Xxx XxXxx, Chairman of WHX, stated that "We are pleased that the revised
terms of the merger permit Dynamics' shareholders to elect to receive either
cash or shares of CTS and that, as a result of WHX's participation in the
process, we believe that the
revised offer enables Dynamics' shareholders to vote on a transaction that is in
the best interests of all of Dynamics' shareholders."

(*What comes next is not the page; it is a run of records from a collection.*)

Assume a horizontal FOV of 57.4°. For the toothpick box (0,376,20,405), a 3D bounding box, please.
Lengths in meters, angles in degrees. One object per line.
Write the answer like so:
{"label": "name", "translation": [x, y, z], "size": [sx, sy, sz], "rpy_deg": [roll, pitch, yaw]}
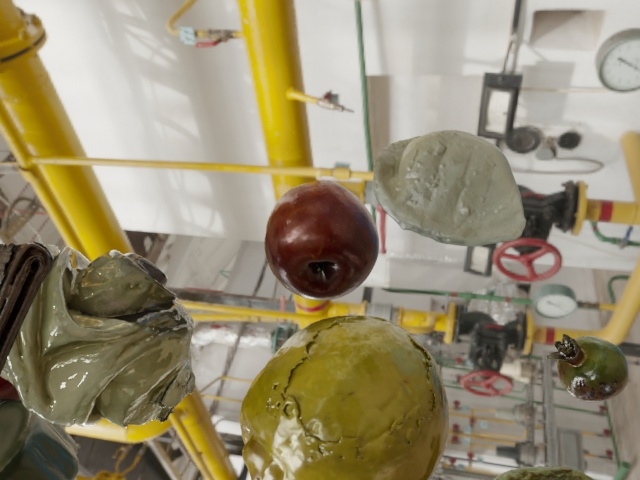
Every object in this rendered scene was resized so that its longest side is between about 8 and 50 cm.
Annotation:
{"label": "toothpick box", "translation": [-0.836, 0.352, 1.454], "size": [0.333, 0.204, 0.204], "rpy_deg": [-38, -29, -13]}

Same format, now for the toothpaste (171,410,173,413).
{"label": "toothpaste", "translation": [-0.354, 0.349, 1.348], "size": [0.205, 0.056, 0.036], "rpy_deg": [117, 168, -46]}

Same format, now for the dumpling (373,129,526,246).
{"label": "dumpling", "translation": [0.144, -0.056, 0.681], "size": [0.176, 0.150, 0.092], "rpy_deg": [60, 172, 8]}

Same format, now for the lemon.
{"label": "lemon", "translation": [0.036, 0.251, 0.828], "size": [0.297, 0.297, 0.297], "rpy_deg": [5, -90, -78]}

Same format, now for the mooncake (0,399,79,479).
{"label": "mooncake", "translation": [-0.644, 0.491, 1.133], "size": [0.187, 0.351, 0.351], "rpy_deg": [63, -154, -23]}

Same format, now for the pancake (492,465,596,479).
{"label": "pancake", "translation": [0.324, 0.438, 0.860], "size": [0.037, 0.254, 0.253], "rpy_deg": [-86, -2, -78]}

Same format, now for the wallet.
{"label": "wallet", "translation": [-0.290, 0.060, 0.473], "size": [0.042, 0.230, 0.124], "rpy_deg": [30, -111, -42]}

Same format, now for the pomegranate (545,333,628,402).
{"label": "pomegranate", "translation": [0.505, 0.241, 1.102], "size": [0.159, 0.129, 0.129], "rpy_deg": [17, -103, -46]}

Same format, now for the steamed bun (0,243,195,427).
{"label": "steamed bun", "translation": [-0.350, 0.124, 0.945], "size": [0.237, 0.394, 0.346], "rpy_deg": [-54, 31, 3]}

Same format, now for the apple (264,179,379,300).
{"label": "apple", "translation": [0.000, 0.000, 1.112], "size": [0.201, 0.218, 0.218], "rpy_deg": [-80, -12, -47]}
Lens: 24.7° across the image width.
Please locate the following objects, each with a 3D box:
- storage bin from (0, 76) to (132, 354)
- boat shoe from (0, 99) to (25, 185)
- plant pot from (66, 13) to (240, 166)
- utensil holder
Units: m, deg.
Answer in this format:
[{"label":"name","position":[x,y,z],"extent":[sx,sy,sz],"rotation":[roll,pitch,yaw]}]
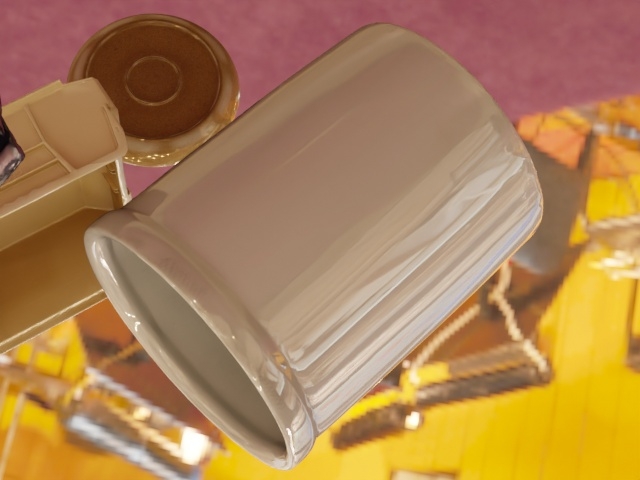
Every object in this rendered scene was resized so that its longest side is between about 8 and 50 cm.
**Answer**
[{"label":"storage bin","position":[-0.319,-0.015,1.562],"extent":[0.260,0.123,0.262],"rotation":[-28,154,-17]},{"label":"boat shoe","position":[-0.380,-0.038,1.097],"extent":[0.340,0.158,0.127],"rotation":[-38,150,8]},{"label":"plant pot","position":[-0.227,-0.212,1.982],"extent":[0.236,0.236,0.032],"rotation":[12,157,0]},{"label":"utensil holder","position":[0.000,0.000,1.560],"extent":[0.327,0.385,0.327],"rotation":[43,160,20]}]
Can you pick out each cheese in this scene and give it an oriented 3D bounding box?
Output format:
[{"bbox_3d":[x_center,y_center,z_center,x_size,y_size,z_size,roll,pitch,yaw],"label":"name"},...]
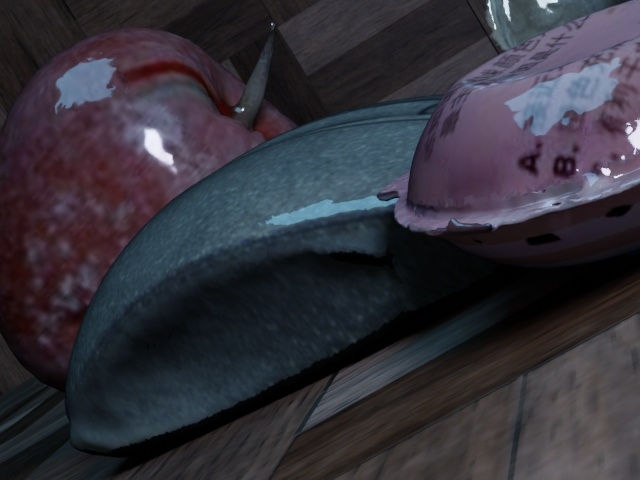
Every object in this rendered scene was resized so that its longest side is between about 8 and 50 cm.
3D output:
[{"bbox_3d":[0.136,-0.048,0.534,0.286,0.074,0.189,-9,21,46],"label":"cheese"}]

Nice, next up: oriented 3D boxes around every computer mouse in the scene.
[{"bbox_3d":[-0.002,-0.002,0.770,0.374,0.114,0.203,-29,3,29],"label":"computer mouse"}]

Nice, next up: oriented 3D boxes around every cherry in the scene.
[{"bbox_3d":[-0.103,-0.026,0.994,0.285,0.236,0.213,-57,-3,13],"label":"cherry"}]

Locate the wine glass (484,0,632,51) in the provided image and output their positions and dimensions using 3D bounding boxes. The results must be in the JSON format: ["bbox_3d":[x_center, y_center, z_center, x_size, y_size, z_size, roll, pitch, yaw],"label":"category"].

The merger remains subject to approval by shareholders of both CTS and
Dynamics and other customary conditions. CTS currently owns 31.7% of Dynamics'
common stock, WHX owns 13.5% of Dynamics' common stock and officers and
directors of Dynamics own 8.2% in the aggregate of Dynamics' common stock. The
approval of the merger by Dynamics shareholders requires a two-thirds
shareholder vote. It is expected that Dynamics and CTS shareholders will be
asked to approve the merger in September.
CTS is a diversified manufacturer of electronic and electromechanical
components for the automotive, computer equipment, communications equipment,
instruments and controls, defense and aerospace, and consumer electronics
markets. Headquartered in Elkhart, Indiana, CTS operates manufacturing plants in
the United States and abroad.
Dynamics is a diversified company which manufactures electronic
components, mobile vans and transportable shelters for specialized electronic
and medical diagnostic equipment, portable electric housewares and commercial
appliances, air distribution equipment, specialized air-conditioning equipment
and generator sets. Dynamics currently holds a 44.1% stake in CTS.
WHX is an integrated steel manufacturer based in Pittsburgh, Pennsylvania.